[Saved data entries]
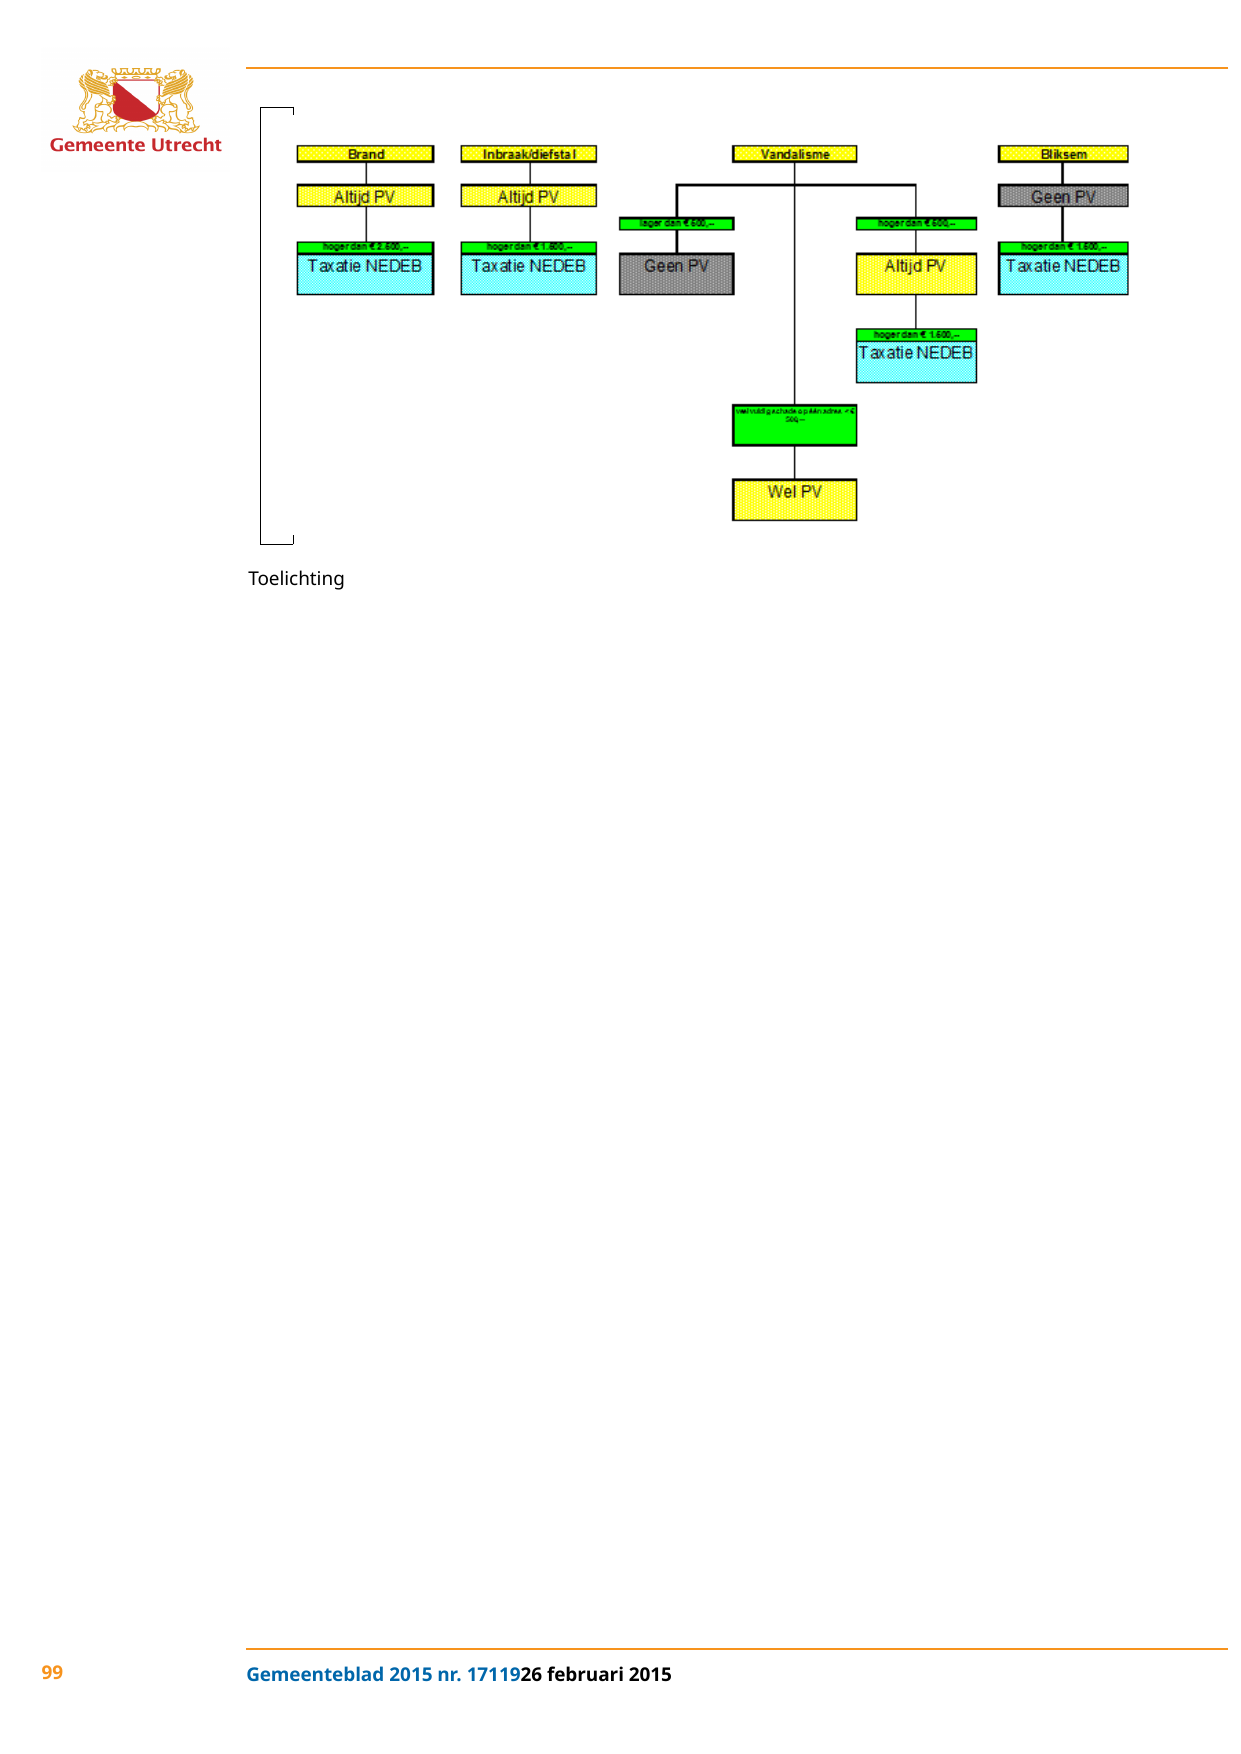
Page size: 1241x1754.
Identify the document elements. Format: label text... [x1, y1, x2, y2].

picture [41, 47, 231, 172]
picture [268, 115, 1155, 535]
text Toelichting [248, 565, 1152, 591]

---

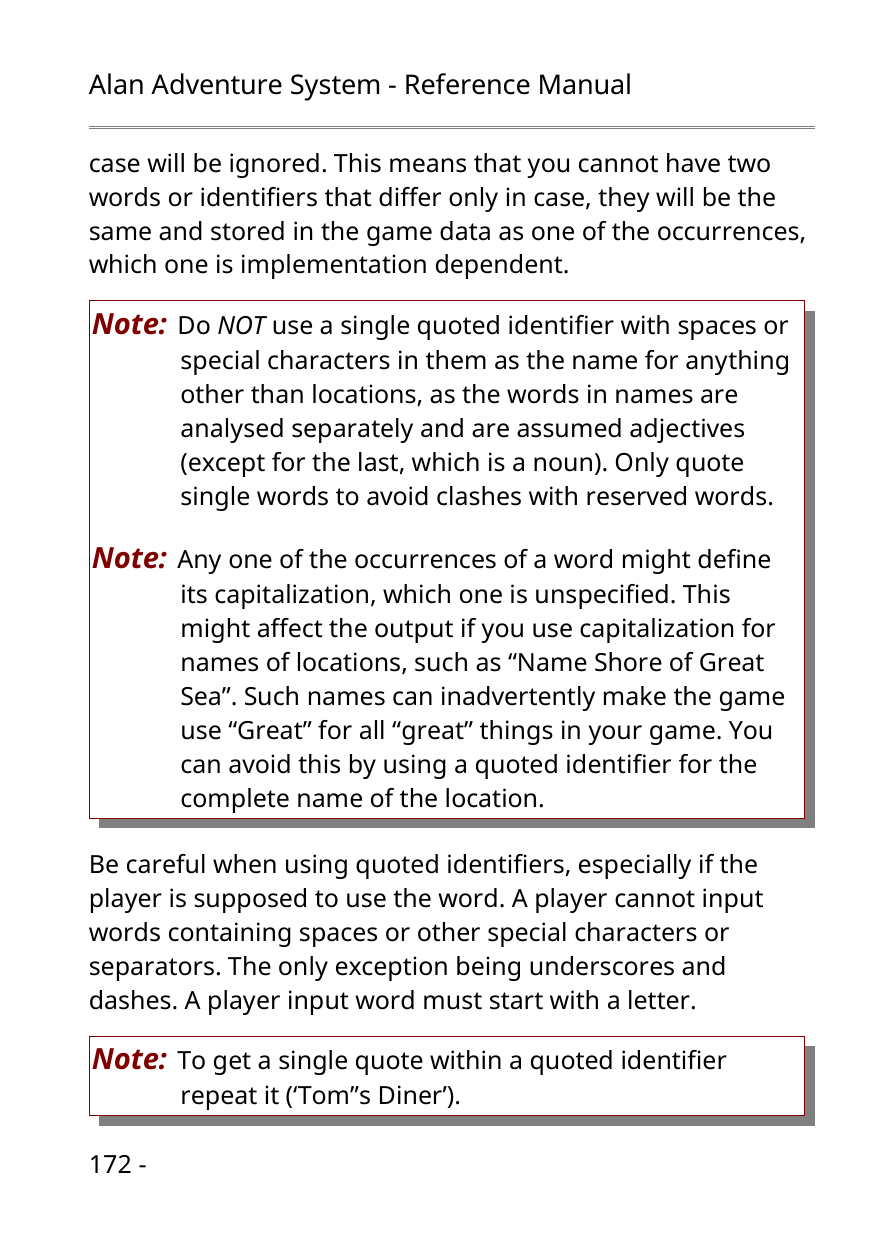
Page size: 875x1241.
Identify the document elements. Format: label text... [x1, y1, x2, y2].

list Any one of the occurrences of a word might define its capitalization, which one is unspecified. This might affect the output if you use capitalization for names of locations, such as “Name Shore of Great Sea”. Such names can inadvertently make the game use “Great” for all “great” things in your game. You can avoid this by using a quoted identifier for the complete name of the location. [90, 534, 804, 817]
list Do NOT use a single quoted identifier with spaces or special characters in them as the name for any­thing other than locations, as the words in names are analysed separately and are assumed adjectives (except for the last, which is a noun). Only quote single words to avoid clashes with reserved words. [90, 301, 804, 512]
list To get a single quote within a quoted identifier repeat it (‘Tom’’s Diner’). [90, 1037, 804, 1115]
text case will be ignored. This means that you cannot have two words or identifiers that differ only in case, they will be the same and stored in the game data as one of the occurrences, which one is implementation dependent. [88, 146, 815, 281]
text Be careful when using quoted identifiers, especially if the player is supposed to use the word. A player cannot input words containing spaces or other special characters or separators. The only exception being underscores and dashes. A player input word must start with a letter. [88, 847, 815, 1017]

■ WHAT YOU NEED TO DO:
Whenever a line in the records contains the word "Page", copy that line.

■ REPLY:
Page size: 1241x1754.
Page size: 875x1241.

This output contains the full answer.